In a sleepy seaside town in Maine, recently widowed Eveleth “Evvie” Drake rarely leaves her large, painfully empty house nearly a year after her husband’s death in a car crash. Everyone in town, even her best friend, Andy, thinks grief keeps her locked inside, and Evvie doesn’t correct them.
Meanwhile, in New York City, Dean Tenney, former Major League pitcher and Andy’s childhood best friend, is wrestling with what miserable athletes living out their worst nightmares call the “yips”: he can’t throw straight anymore, and, even worse, he can’t figure out why. As the media storm heats up, an invitation from Andy to stay in Maine seems like the perfect chance to hit the reset button on Dean’s future.

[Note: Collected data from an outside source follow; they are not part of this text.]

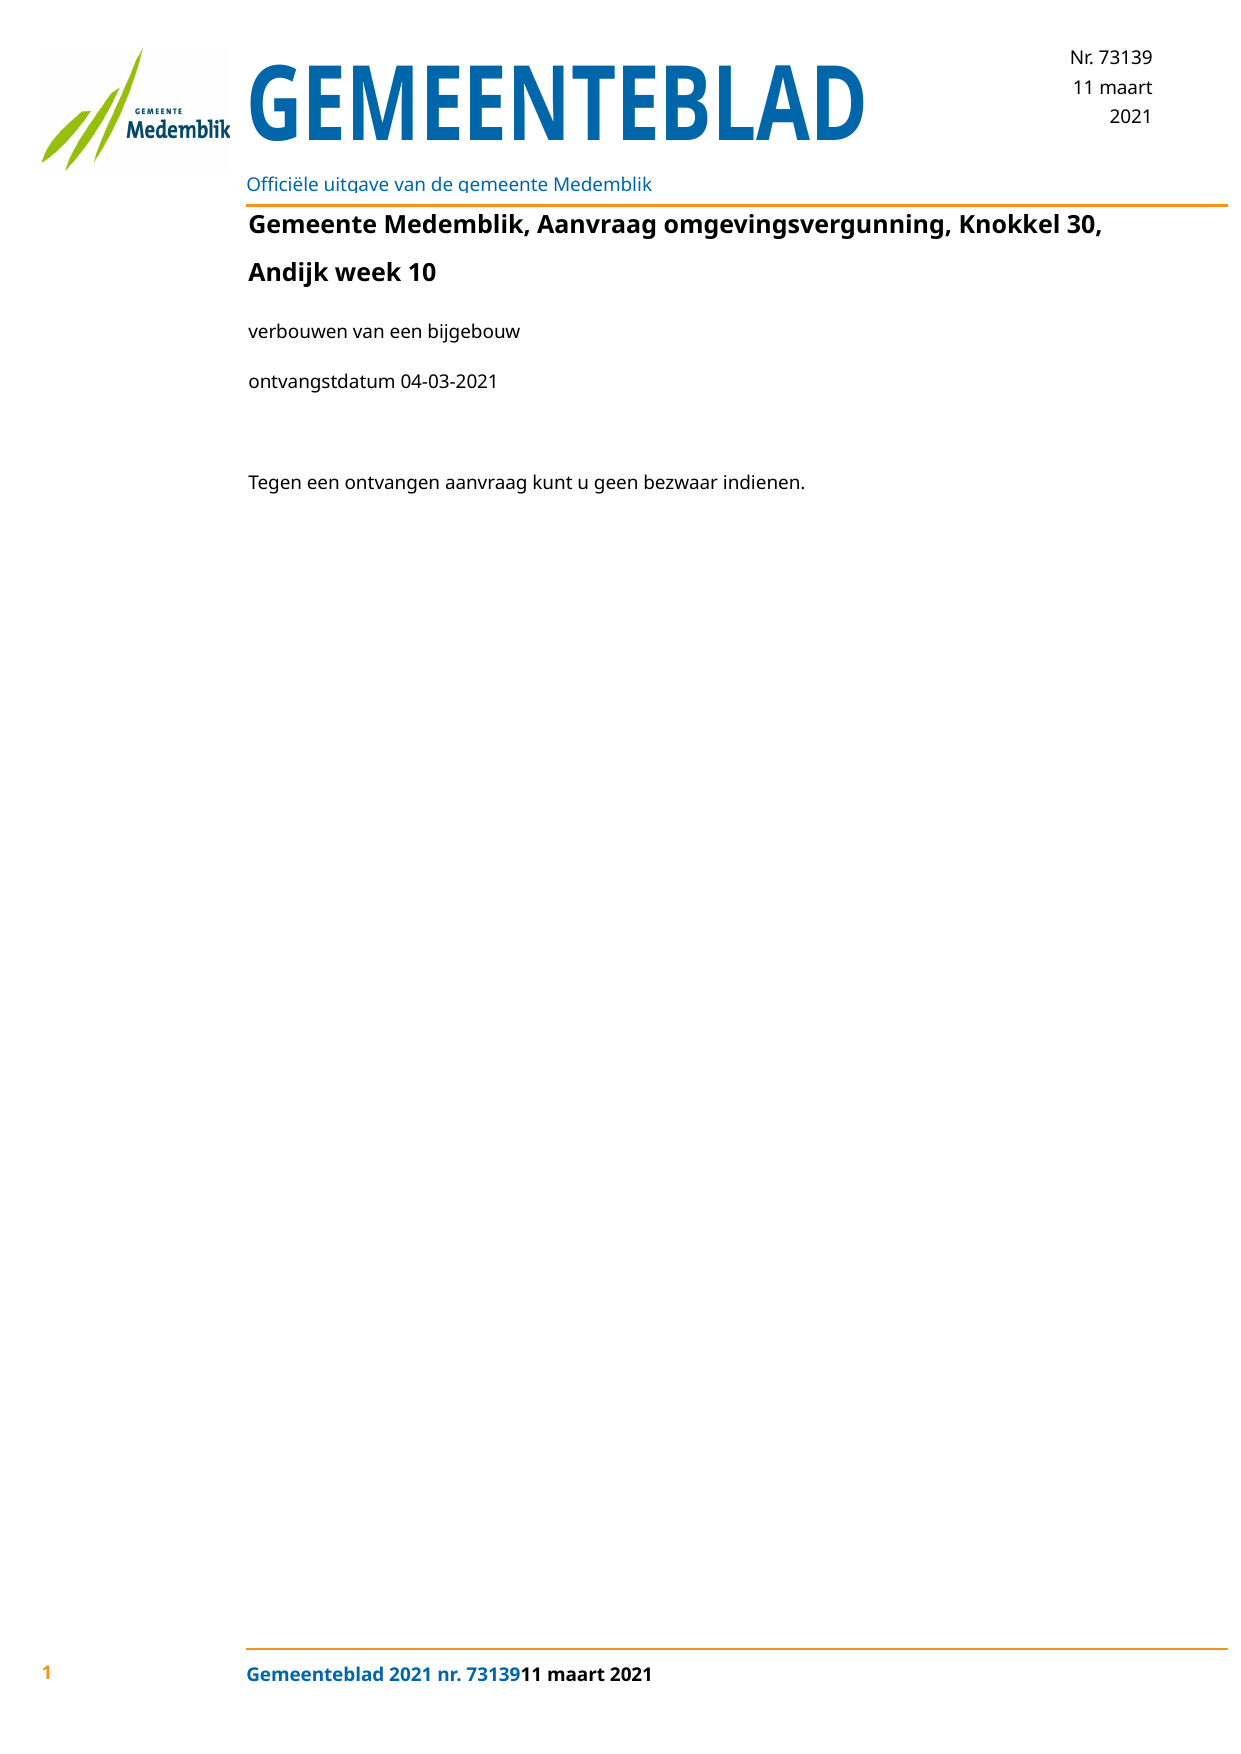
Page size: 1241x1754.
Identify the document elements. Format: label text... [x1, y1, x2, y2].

text ontvangstdatum 04-03-2021 [248, 368, 1152, 394]
text Gemeente Medemblik, Aanvraag omgevingsvergunning, Knokkel 30, Andijk week 10 [248, 207, 1152, 288]
text verbouwen van een bijgebouw [248, 318, 1152, 344]
picture [41, 47, 231, 172]
text Tegen een ontvangen aanvraag kunt u geen bezwaar indienen. [248, 469, 1152, 495]

When he moves into an apartment at the back of Evvie’s house, the two make a deal: Dean won’t ask about Evvie’s late husband, and Evvie won’t ask about Dean’s baseball career. Rules, though, have a funny way of being broken—and what starts as an unexpected friendship soon turns into something more. To move forward, Evvie and Dean will have to reckon with their pasts—the friendships they’ve damaged, the secrets they’ve kept—but in life, as in baseball, there’s always a chance—up until the last out.
I appreciated how the author didn't make this book overly angsty or dramatic. It was very straight forward with flawed characters that were believable people who didn't always say or do the right thing. I really loved Evvie because I felt like I understood her and her journey to feel like she was enough. I thought that the author did a good job of portraying abuse in a subtle way and I respected how she had the reader look at verbal and emotional abuse. It was interesting to me how each of the main characters were grieving things in their lives in different ways. There were different feelings to each and I thought that the author's take was an intriguing one. It seems to me that many people feel that they aren't grieving right because they don't cry or aren't sad enough so I appreciated the author's approach.